Each of the above steps is a content that can be automatically performed by mechanical equipment without human intervention. Therefore, according to the manufacturing method including the above steps, the analyte analysis chip according to the present invention is provided. Can be manufactured very efficiently.
The analyte analysis chip according to the present invention will be described in more detail below based on examples.

After printing a predetermined printed pattern on the treated surface of a 188 μm thick PET resin film (S10 single-sided product manufactured by Toray Industries Inc.) by gravure printing, an EVA resin hot melt adhesive (DX-11C manufactured by DIC) is further added. 25 g / m ^{2 was} applied and slit to a width of 115 mm to obtain an E member.

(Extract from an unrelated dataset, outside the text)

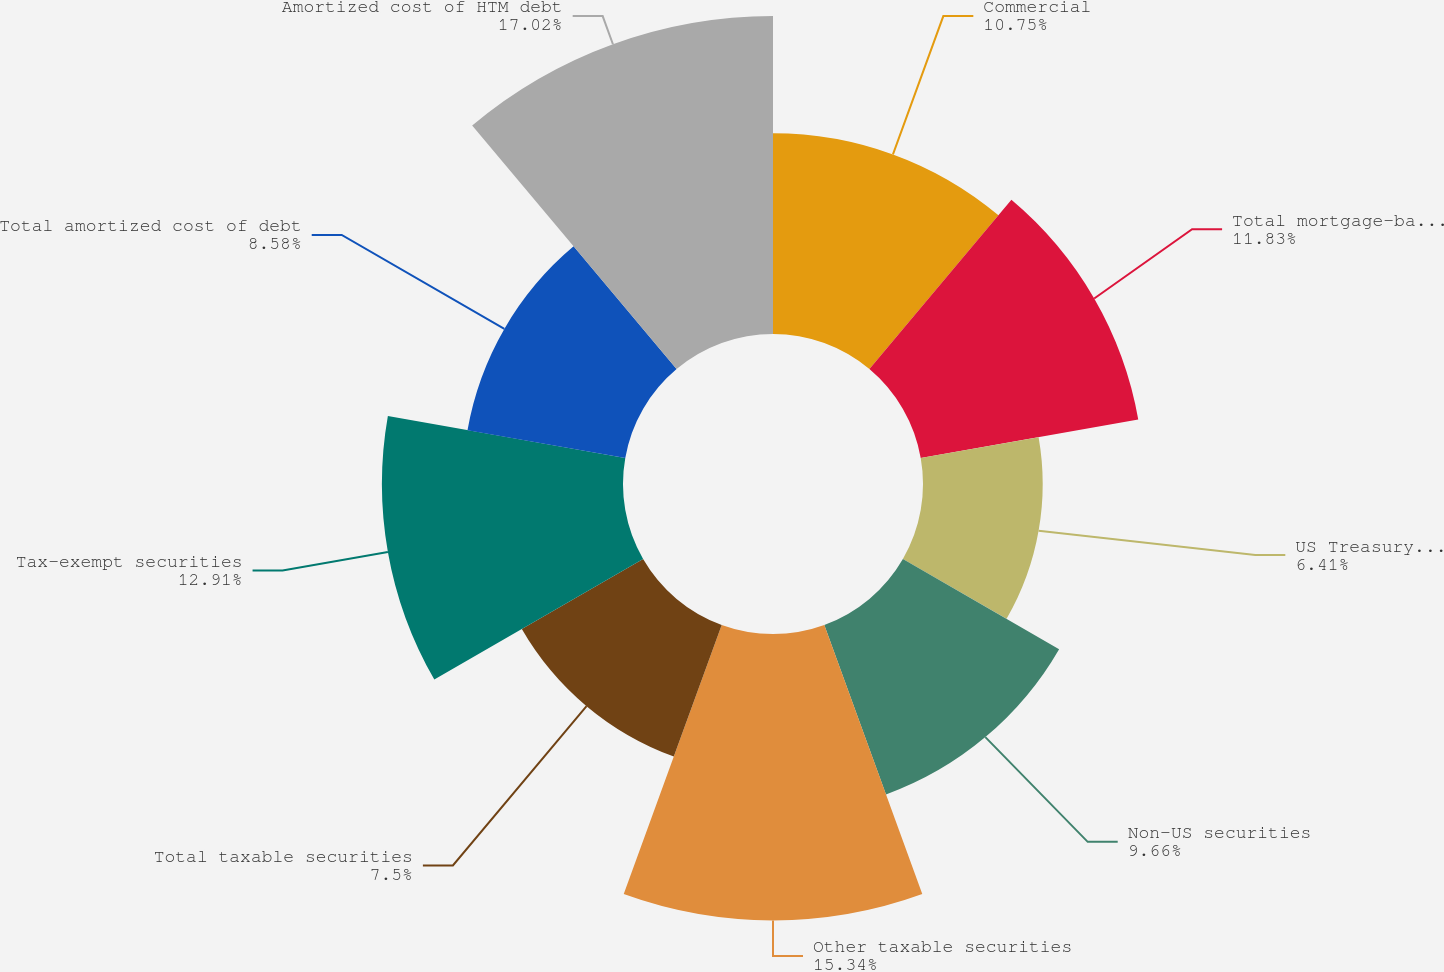Convert chart. <chart><loc_0><loc_0><loc_500><loc_500><pie_chart><fcel>Commercial<fcel>Total mortgage-backed<fcel>US Treasury and agency<fcel>Non-US securities<fcel>Other taxable securities<fcel>Total taxable securities<fcel>Tax-exempt securities<fcel>Total amortized cost of debt<fcel>Amortized cost of HTM debt<nl><fcel>10.75%<fcel>11.83%<fcel>6.41%<fcel>9.66%<fcel>15.34%<fcel>7.5%<fcel>12.91%<fcel>8.58%<fcel>17.03%<nl></chart> 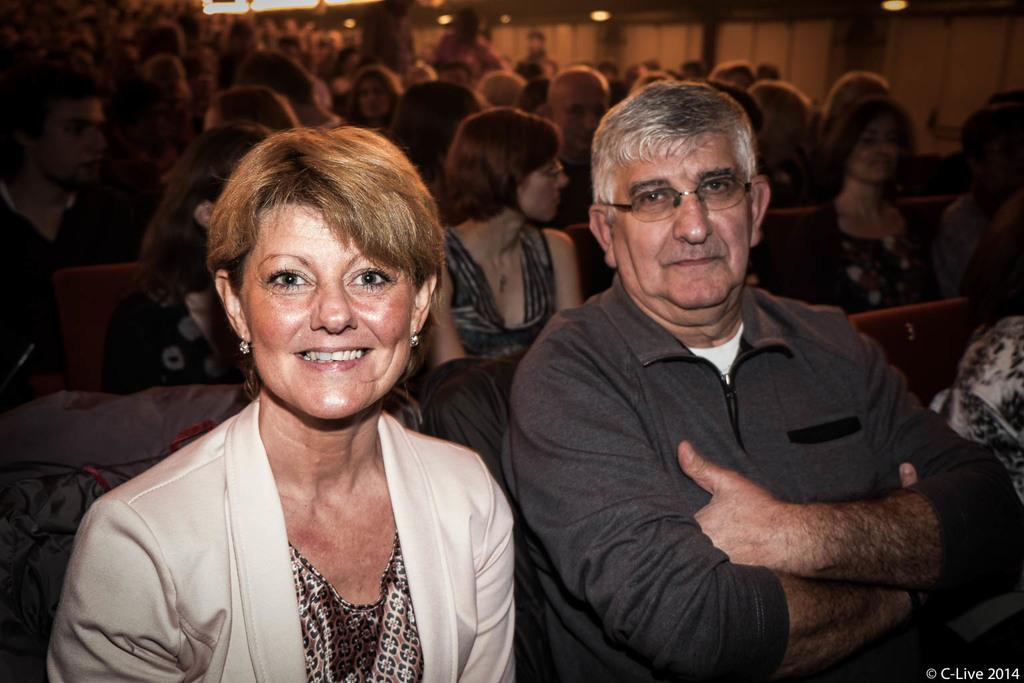What is the main subject of the image? The main subject of the image is a group of people. What objects are present in the image that the people might interact with? There are chairs in the image that the people might sit on. What can be seen in the image that provides illumination? There are lights in the image that provide illumination. What type of cloud can be seen in the image? There is no cloud visible in the image. What type of art is being created by the group of people in the image? The provided facts do not mention any art being created by the group of people in the image.

A hot melt adhesive (DX-11C manufactured by DIC) is applied to the treated surface of a 188 μm thick PET resin film (S10 single-side processed product manufactured by Toray Industries, Inc.), and an adhesive for dry lamination (manufactured by Toyo Morton Co., Ltd.) is applied to the opposite surface. Urethane adhesive TM242A / B) was applied at 4 g / m ² and bonded to a 100 μm-thick PET resin film (S10 manufactured by Toray Industries, Inc.) subjected to hydrophilic treatment. This was aged in an atmosphere of 40 ° C. for 2 days and then slit to a width of 115 mm to obtain a CD member.

  A water-repellent varnish (PANNECO medium, manufactured by Toyo Ink Manufacturing Co., Ltd.) is printed on one side of a 100 μm-thick PET resin film (S10, manufactured by Toray Industries, Inc.) that has been subjected to a hydrophilic treatment, and is slit in a 115 mm width by a gravure printing method. A member was obtained.

The sheet member obtained as described above was set in a chip assembling apparatus, and the analyte analysis chip 1 shown in FIG. 1 was obtained according to the following steps.
1. An inspection hole having a diameter of 6 mm is formed in the A member, and a membrane filter (PORAFIL PC manufactured by MACHEREY-NAGEL, thickness 7 μm) is heat-sealed and pasted so as to cover the hole.
2. The CD member and the E member are heat sealed and bonded to form a CDE member, and then an air hole having a diameter of 0.5 mm is formed. The heat seal strength at this time was 1 N / 15 mm or more.
3. A 125 μm thick black PET film (B100 manufactured by Mitsubishi Plastics, Inc., B100) and a double-sided adhesive tape (double-sided tape No. 5620BW manufactured by Nitto Denko Corporation) on a sheet with a total thickness of 200 μm B shape is obtained by punching the shape.
4. After bonding the A member and the CDE member via the B member, a positioning hole having a diameter of 2 mm is formed.
5. It is punched into a predetermined outer shape having a width of about 10 mm and a length of about 75 mm to obtain a specimen inspection chip 1 as shown in FIG.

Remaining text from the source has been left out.